London

Duncan Grant, Bathing, 1911, oil on canvas, 7' 6“ x 10' 1/2”. From “Queer British Art 1861–1967.”

Duncan Grant, Bathing, 1911, oil on canvas, 7' 6“ x 10' 1/2”. From “Queer British Art 1861–1967.”

“Queer British Art 1861–1967”

Tate Britain

Duncan Grant, Bathing, 1911, oil on canvas, 7' 6“ x 10' 1/2”. From “Queer British Art 1861–1967.”

The idea of encapsulating a nation’s history of queer art in a single show could easily have led to a neckbreaking curatorial endeavor going awry. What makes art queer or otherwise anyway? And how can one tell what is queer and what isn’t when examining a period in which socially unacceptable desires often had to be disguised, lest criminal prosecution follow? The press release for “Queer British Art 1861–1967,” curated by Clare Barlow, explains that the word queer was meant to express the “full diversity of sexualities and gender identities represented in the show.” Astonishingly, the show succeeds in honoring the richness of the subject, filling eight rooms with nearly two hundred works of art accompanied by copious, well-researched background information provided on wall labels—more than a hundred years of work executed by very diverse and extensive communities packed into one exhibition.

The exhibition timeline starts in 1861, when Great Britain abolished the death penalty for sodomy, and ended in 1967, with the partial decriminalization of sex between men. Consequently, the show marks the fiftieth anniversary of the latter event. It is impossible to forget the stories of lives broken by persecution; some of the objects on view are chilling, for instance the door to Oscar Wilde’s cell at Reading Gaol. But subversive humor abounds as well, as in a series of collages made on books stolen from public libraries around Islington, North London, by the playwright Joe Orton and his partner Kenneth Leith Halliwell. These illicit works, dated 1959–62, include Queen’s Favourite by Phyllis Hambledon, adorned with a suggestive image of wrestling men, and The Secret of Chimneys by Agatha Christie, showing a pair of cats getting married. But their pilfering from the stacks earned Orton and Halliwell each a six-month prison sentence—as Orton commented, “because we were queers.”

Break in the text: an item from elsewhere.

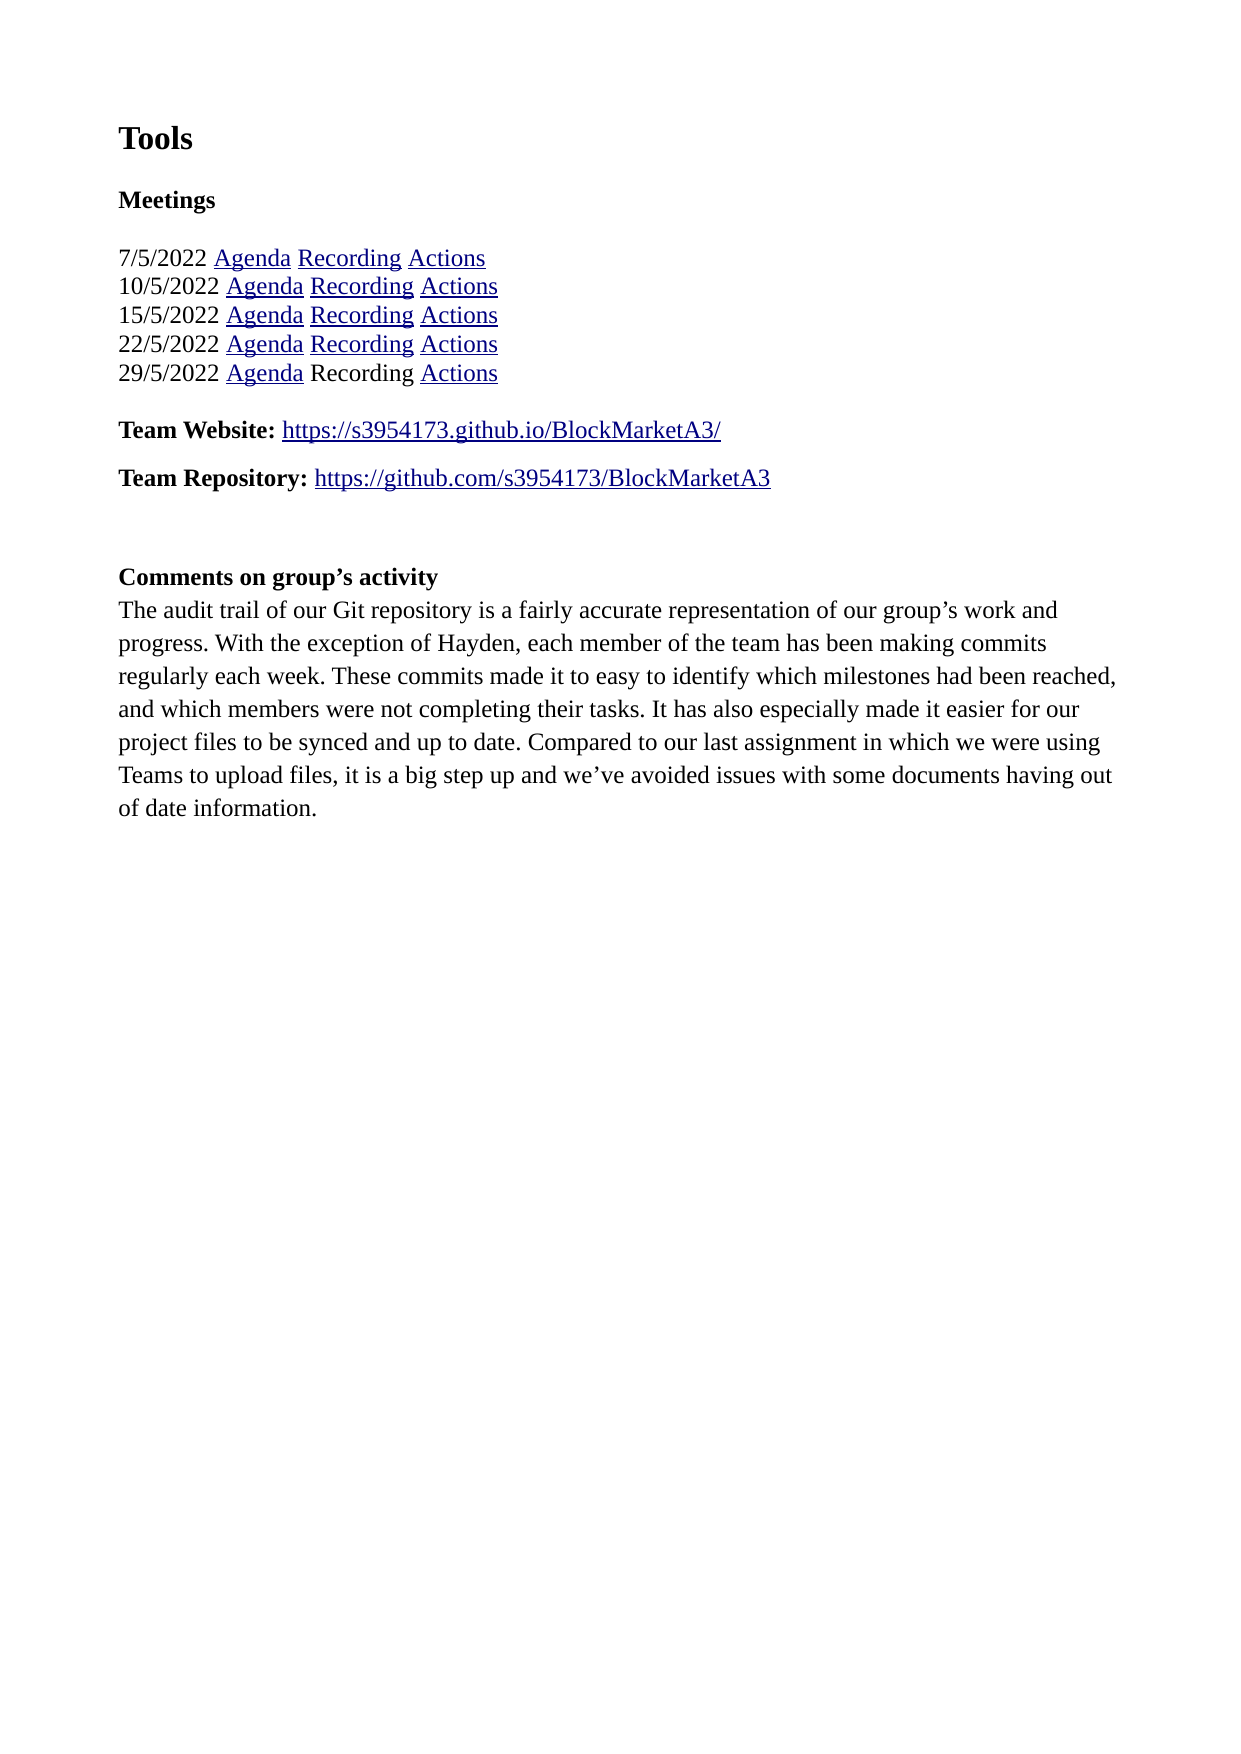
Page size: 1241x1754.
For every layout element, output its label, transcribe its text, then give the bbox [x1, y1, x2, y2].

A recurring theme in the show is the discrepancy between public and private lives. In the case of Keith Vaughan, Barlow illustrates this discordance by juxtaposing canvases meant for public display with private drawings. The paintings, such as Kouros, 1960, portray partly figurative, partly abstract silhouettes of men. From the flat color blocks of paint, we can read their bulky frames, muscles, and confrontational attitudes. However, it’s Vaughan’s drawings that frankly depict homosexual eroticism, sometimes tender, sometimes explicit.  In a section titled “Bloomsbury and Beyond,” we see artists playing more daringly on the verge of the acceptable. Two large-scale paintings in oil on canvas—Ethel Walker’s Decoration: The Excursion of Nausicaa, 1920, depicting a group of naked women, and Duncan Grant’s Bathing, 1911, showing a group of men enjoying time by the lake—juxtaposed here, refer to classic ideals of beauty. But in subtle yet suggestive ways, both works also convey a sense of erotic freedom within same-sex communities.

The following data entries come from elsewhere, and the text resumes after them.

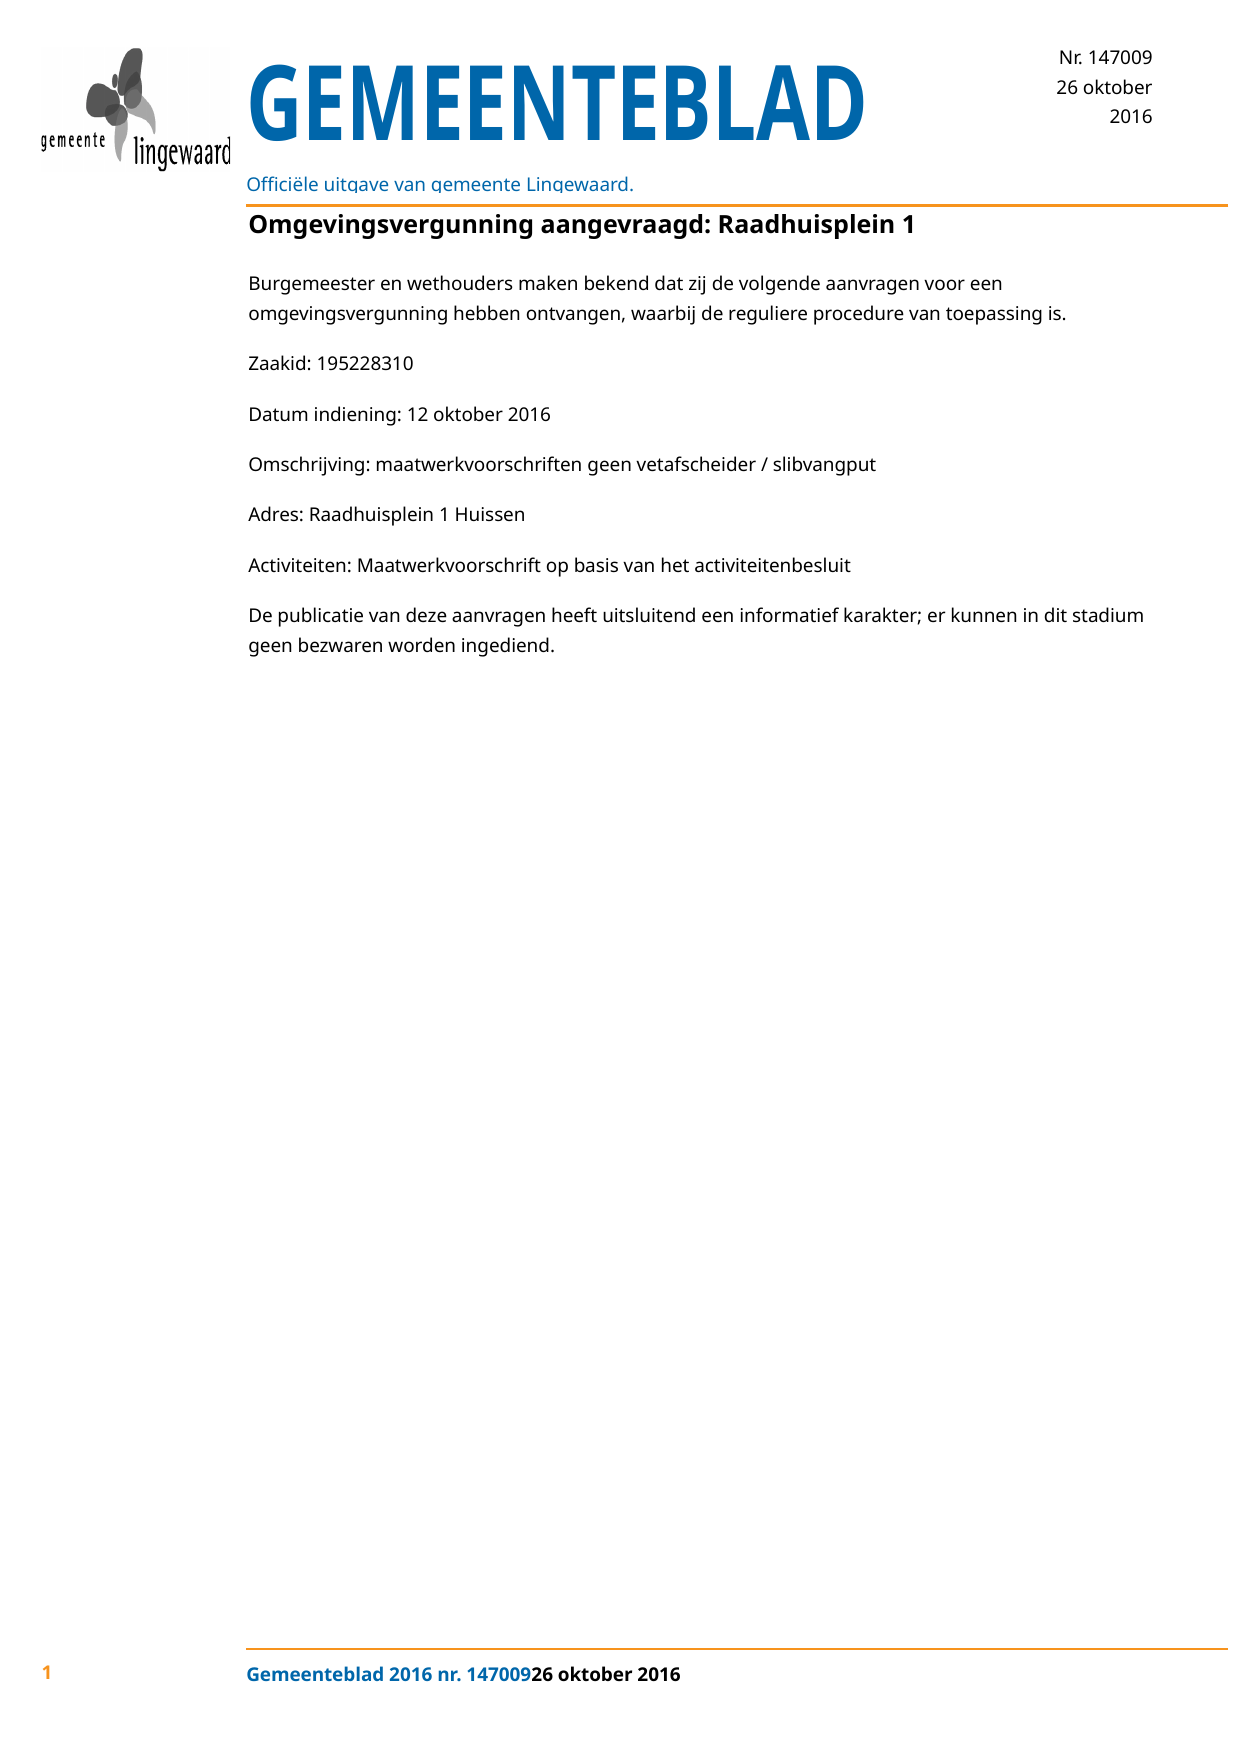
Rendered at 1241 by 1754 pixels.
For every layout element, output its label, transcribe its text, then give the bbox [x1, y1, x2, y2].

picture [41, 47, 231, 172]
text Omschrijving: maatwerkvoorschriften geen vetafscheider / slibvangput [248, 451, 1152, 477]
text Omgevingsvergunning aangevraagd: Raadhuisplein 1 [248, 207, 1152, 241]
text Datum indiening: 12 oktober 2016 [248, 401, 1152, 426]
text Burgemeester en wethouders maken bekend dat zij de volgende aanvragen voor een omgevingsvergunning hebben ontvangen, waarbij de reguliere procedure van toepassing is. [248, 270, 1152, 326]
text De publicatie van deze aanvragen heeft uitsluitend een informatief karakter; er kunnen in dit stadium geen bezwaren worden ingediend. [248, 602, 1152, 658]
text Zaakid: 195228310 [248, 350, 1152, 376]
text Adres: Raadhuisplein 1 Huissen [248, 502, 1152, 527]
text Activiteiten: Maatwerkvoorschrift op basis van het activiteitenbesluit [248, 552, 1152, 578]

A strong sense of the solidarity that binds such groups emerged throughout the show. The exhibition also highlights how intertwined the fights for gay rights and for a freer view of female sexuality could be—evoking this idea, for example, through the several depictions of Oscar Wilde’s play Salomé, 1894. The story is based on one from the Gospels, in which the pleasure brought to Herod’s guests by his daughter’s dance leads to the beheading of Saint John the Baptist. Early Christian scholars interpreted the tale as a depiction of lust, but in Wilde’s hands it became a springboard for the exploration of the modern image of woman.

The enclaves where the precursors of today’s LGBTQ community could converge were private houses, dance halls, and members’ clubs staging censored plays. These spaces nourished fragile networks that, despite obstacles, created possibilities for the acknowledgment of equal rights, as well as of the beauty in diversity and the richness of queer arts.